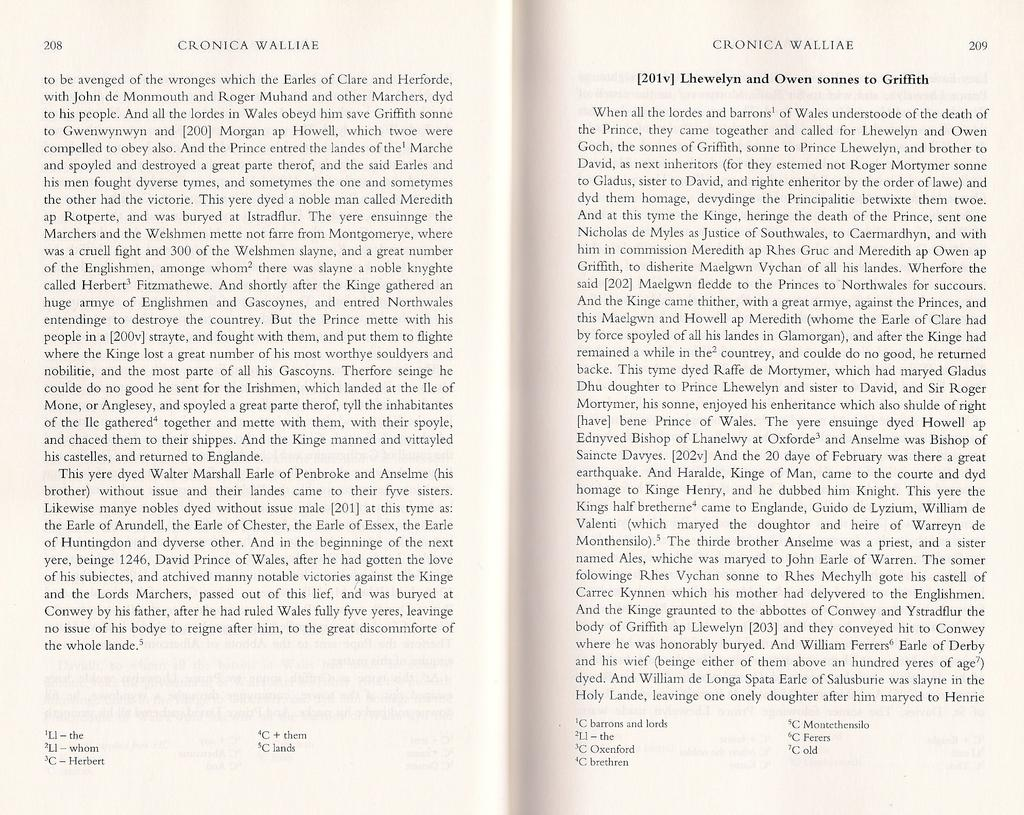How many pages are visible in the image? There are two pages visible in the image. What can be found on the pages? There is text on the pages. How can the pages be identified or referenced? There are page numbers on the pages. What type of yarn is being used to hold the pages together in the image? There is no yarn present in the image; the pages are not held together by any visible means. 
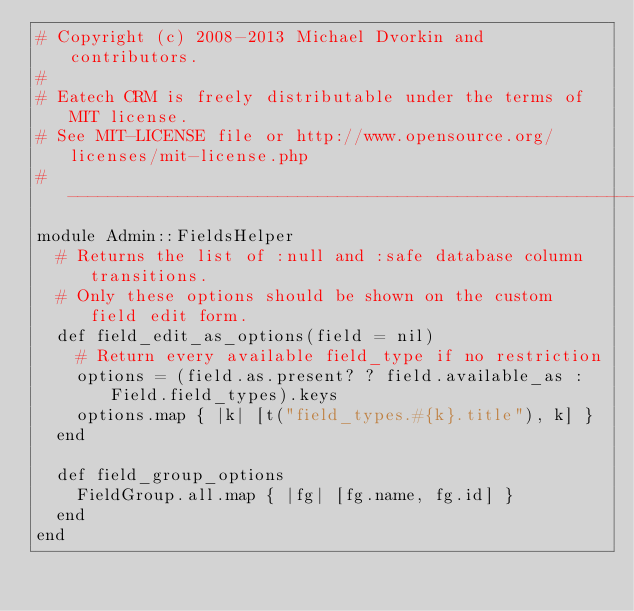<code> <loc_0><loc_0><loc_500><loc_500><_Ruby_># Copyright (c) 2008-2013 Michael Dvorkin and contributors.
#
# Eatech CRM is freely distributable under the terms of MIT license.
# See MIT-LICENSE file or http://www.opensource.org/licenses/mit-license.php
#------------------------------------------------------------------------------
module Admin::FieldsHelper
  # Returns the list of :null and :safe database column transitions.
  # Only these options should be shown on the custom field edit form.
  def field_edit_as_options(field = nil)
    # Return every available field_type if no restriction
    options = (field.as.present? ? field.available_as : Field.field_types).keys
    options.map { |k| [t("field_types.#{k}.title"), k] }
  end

** Your objective **
Would you repeat each line of the listing exactly, skipping any picture?

** Written response **
How many pages are visible in the image? There are two pages visible in the image. What can be found on the pages? There is text on the pages. How can the pages be identified or referenced? There are page numbers on the pages. What type of yarn is being used to hold the pages together in the image? There is no yarn present in the image; the pages are not held together by any visible means. 
<code> <loc_0><loc_0><loc_500><loc_500><_Ruby_># Copyright (c) 2008-2013 Michael Dvorkin and contributors.
#
# Eatech CRM is freely distributable under the terms of MIT license.
# See MIT-LICENSE file or http://www.opensource.org/licenses/mit-license.php
#------------------------------------------------------------------------------
module Admin::FieldsHelper
  # Returns the list of :null and :safe database column transitions.
  # Only these options should be shown on the custom field edit form.
  def field_edit_as_options(field = nil)
    # Return every available field_type if no restriction
    options = (field.as.present? ? field.available_as : Field.field_types).keys
    options.map { |k| [t("field_types.#{k}.title"), k] }
  end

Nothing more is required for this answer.